Das Protein wurde nicht von nicht-infizierten Zellen oder Zellen,
die mit parentalem NYVAC Virus infiziert wurden, immunpräzipitiert.
-
Beispiel 9 – CO-INSERTION
VON MURINEM IFNγ UND
MURINEM B7 IN ALVAC
-
Co-Insertion von murinem
IFNγ und
murinem B7 in ALVAC.
-
Rekombination
wurde zwischen Donorplasmid pLF4 (Beispiel 28) und Rettungsvirus
vCP271 (Beispiel 20) erreicht. Rekombinantes Virus wurde plaqueaufgereinigt.

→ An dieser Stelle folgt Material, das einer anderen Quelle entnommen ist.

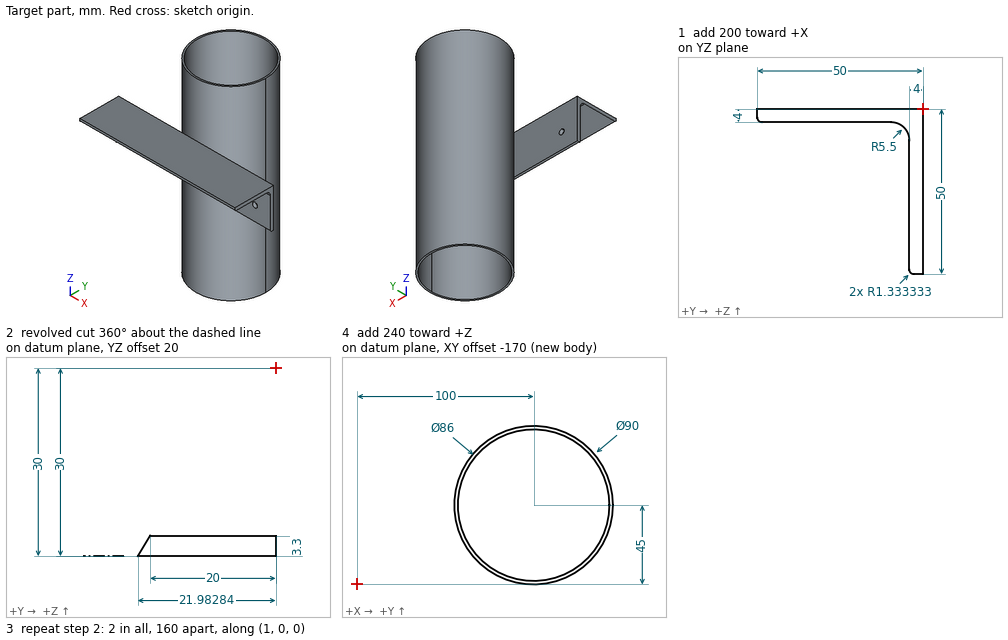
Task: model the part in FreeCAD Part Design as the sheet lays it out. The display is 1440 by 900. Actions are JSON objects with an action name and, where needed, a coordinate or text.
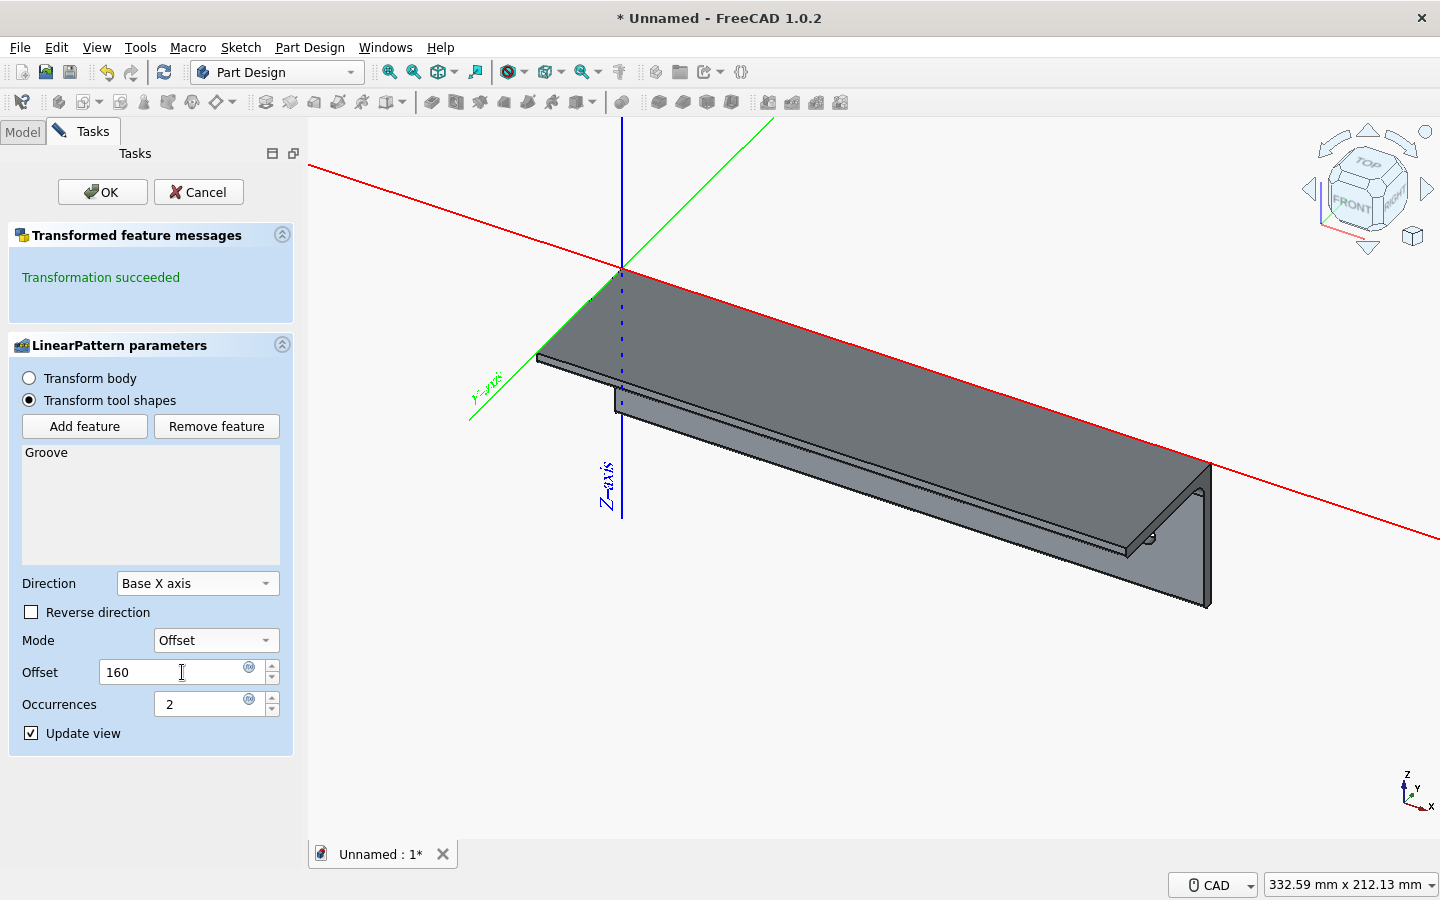
{"action": "triple_click", "coordinate": [209, 704]}

Das resultierende ALVAC-basierende rekombinante Virus (ALVAC + IFNγ + B7) enthält das Vaccinia-I3L-gesteuerte
murine IFNγ-Gen
im C3-Lokus und das Vaccinia-H6-geförderte murine
B7-Gen im C6-Lokus.
-
Bezugsbeispiel 21 – INSERTION
VON WILDTYP- UND MUTANTEN FORMEN VON MURINEM P53 IN ALVAC
-
Es
wurde gefunden, dass das Gen für
das nucleäre
Phosphoprotein p53 das Gen ist, das am häufigsten in einer breiten Vielfalt
von menschlichen Tumoren mutiert ist (Literaturübersicht in Hollstein et al.,
1991). NYVAC- und ALVAC-basierendes
rekombinantes p53-Virus ist in Beispiel 15 beschrieben.
-
Insertion von murinem
Wildtyp-p53 in ALVAC.
-
Plasmid
p11-4, das das murine Wildtyp-p53 enthält, wurde von Arnold Levine
(Princeton University, Princeton, New Jersey) erhalten. Die p53-Sequenz
ist in Pennica et al., (1984) beschrieben. Das murine Wildtyp-p53-Gen
wurde unter die Kontrolle des Vaccinia-H6-Promotors platziert, und
das nicht-codierende 3'-Ende von
p53 wurde mit PCR-abgeleiteten Fragmenten entfernt.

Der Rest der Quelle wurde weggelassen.